Simple security improvement?

  • toerning

    (@toerning)


    9 years, 8 months ago

    Recently I have been using the Wordfence security plugin (free version). One feature is the option to lock out anyone, who tries to sign in with a non-existing username. I (voluntary) get a mail every time that happens and thats quite often, since I chose to delete the default “admin” account soon after completing my install.

    Here is my idea (I tried to search the forum), I suggest, that you force users to pick a random url for the admin. Today all installs use “wp-admin” slug, but if possible, I would like to define my own url for the admin. Can this be done without changing the files and folders? Would it break autoupdates ect.?

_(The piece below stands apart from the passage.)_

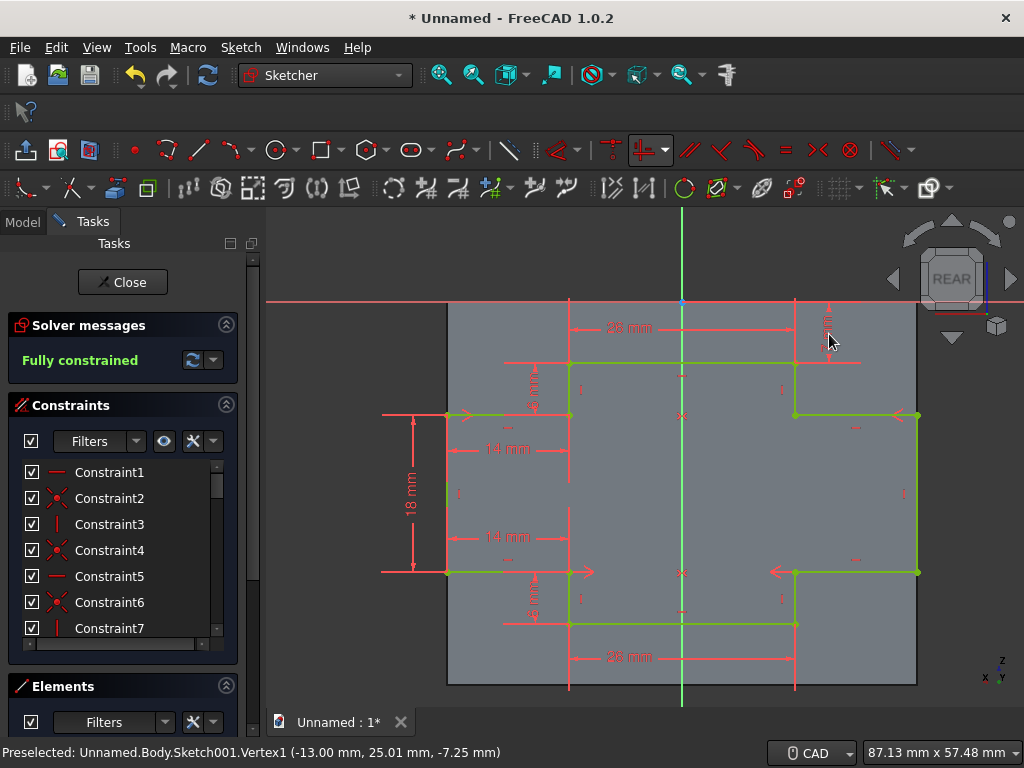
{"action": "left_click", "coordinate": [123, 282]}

    I am no cryptographer, but if hackers don’t even know where to try and recover a password or sign in, does that not on a practical level enhance security a bit?

Viewing 2 replies - 1 through 2 (of 2 total)
  • catacaustic

    (@catacaustic)

    9 years, 8 months ago

    In theory it sounds good, but in practice it doesn’t work. Security through obscurity is one of the least secure security concepts. With changing the admin URL the best that it will do is give hackers a few 404’s before they find something that does work, and at worst will have 1,000’s of users out there forget what the admin URL of their site is. And yes, they will forget!

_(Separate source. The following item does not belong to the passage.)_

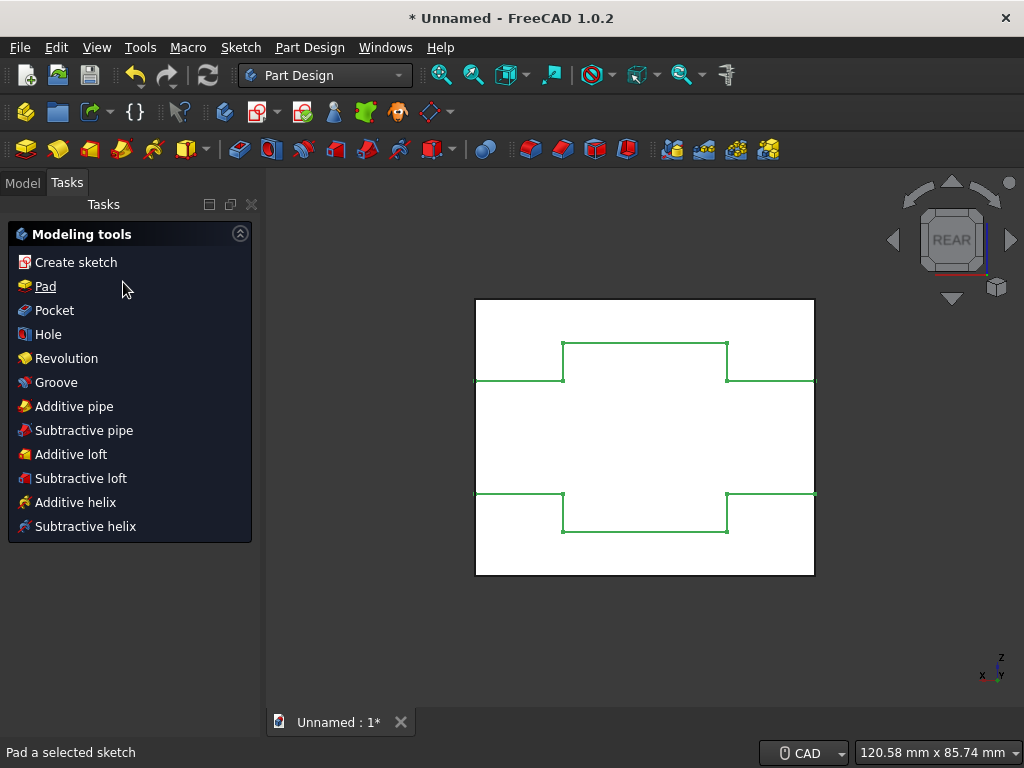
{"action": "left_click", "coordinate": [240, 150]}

    The security plugin that you’re using combinied with some server firewalls and a good server admin person will give a lot better secutiry then changing a URL will. And when the URl is known, it’s a whole lot easier to find out who is trying to break into it, and stop their attempts next time.

    ANTi-CAP

    (@anti-cap)

    9 years, 7 months ago

    That feature is already in iThemes Sec package.

    A fake admin section/login in the obvious place also works well IME, with an IP/user agent logger. A honey pot.

    Regards,
    A

Viewing 2 replies - 1 through 2 (of 2 total)
  • The topic ‘Simple security improvement?’ is closed to new replies.